Kota Tangerang – Andri S.Permana, Politisi PDI Perjuangan Kota Tangerang yang juga Wakil Ketua I DPRD Kota Tangerang melakukan aksi turun ke sawah menemui sejumlah petani di wilayah Kecamatan Neglasari, Kota Tangerang, Selasa (23/9/2025).
Pertemuan berlangsung sederhana di tengah hamparan sawah. Dalam suasana hangat, Andri berbincang bersama petani, mendengarkan langsung aspirasi terkait persoalan pertanian di wilayah tersebut.
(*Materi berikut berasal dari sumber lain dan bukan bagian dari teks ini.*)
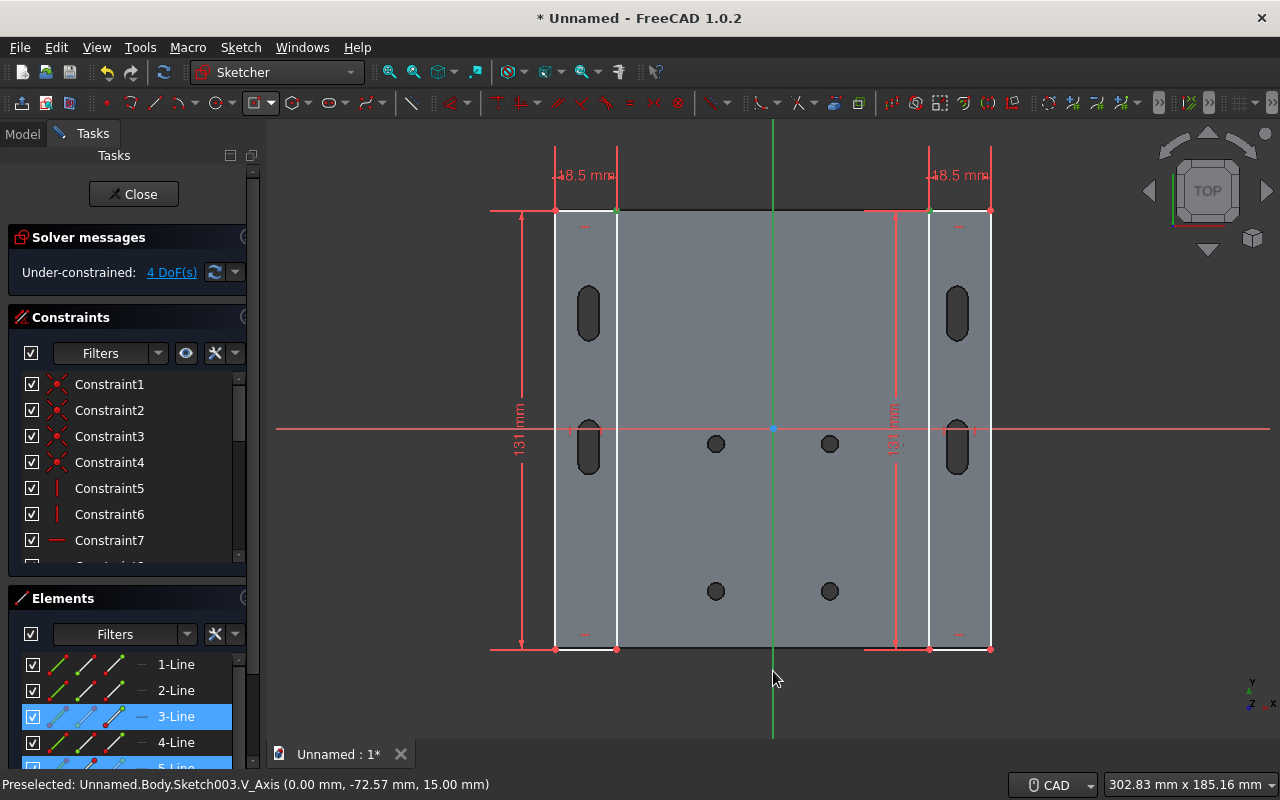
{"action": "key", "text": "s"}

”Agenda ini digelar bertepatan dengan Hari Tani Nasional 2025, bentuk keberpihakan PDI Perjuangan terhadap petani sebagai penyedia pangan, sumber kehidupan, sekaligus penyangga kedaulatan bangsa,” kata Andri S Permana.
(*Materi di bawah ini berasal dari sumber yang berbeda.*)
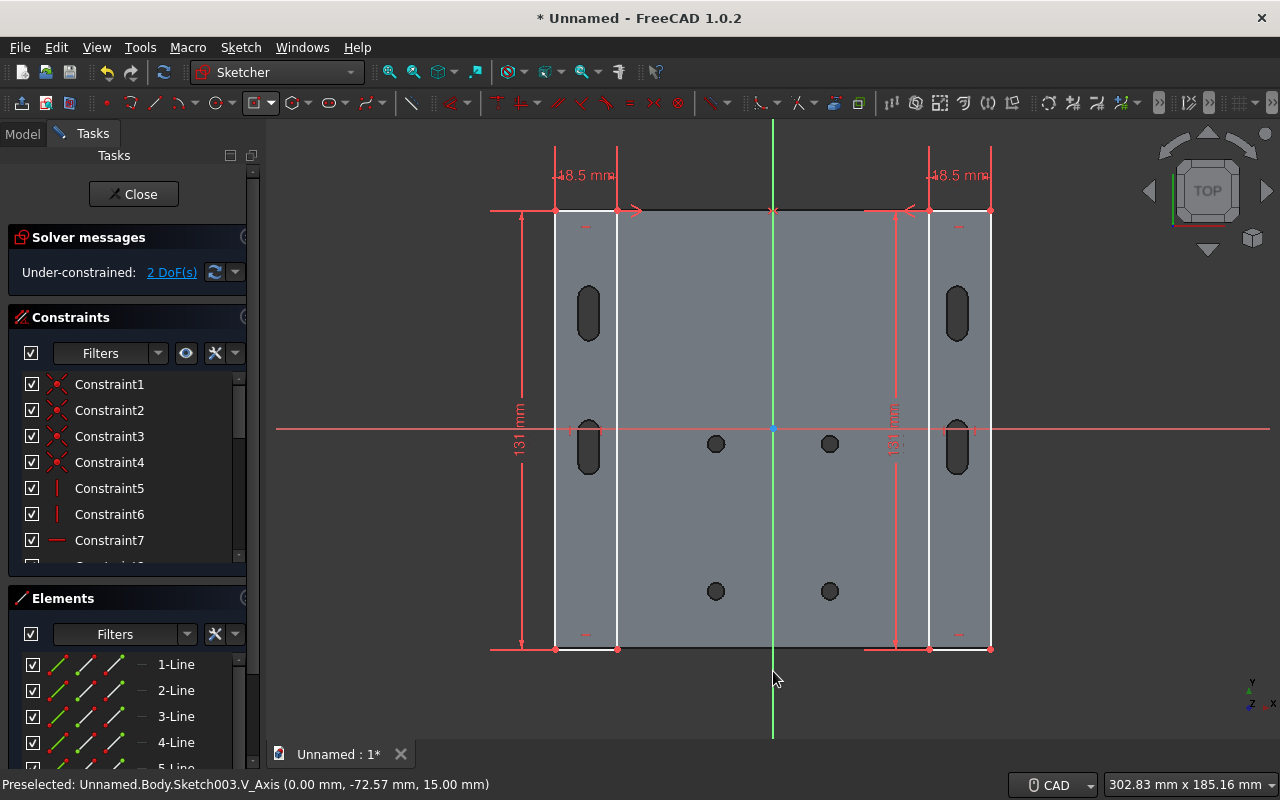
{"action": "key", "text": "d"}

Andri berkata, ia akan melibatkan Pemerinrah Kota Tangerang melalui Dinas Ketahanan Pangan untuk lebih memerhatikan petani mulai dari persoalan irigasi, penyedian pestisida dari serangan hama, hingga kebijakan sewa lahan.
”Lahan yang dijadikan sawah ini bukan milik petani langsung, mereka (petani) masih sewa, artinya mereka termasuk buruh tani dan pejuang tani yang harus diperhatikan Kesejahteraannya,” tambah Andri.
Andri berpendapat, jika para petani ini diperhatikan dapat menciptakan potensi besar bagi sumber pendapatan dan penghidupan bagi masyarakat dalam meningkatkan kesejahteraan.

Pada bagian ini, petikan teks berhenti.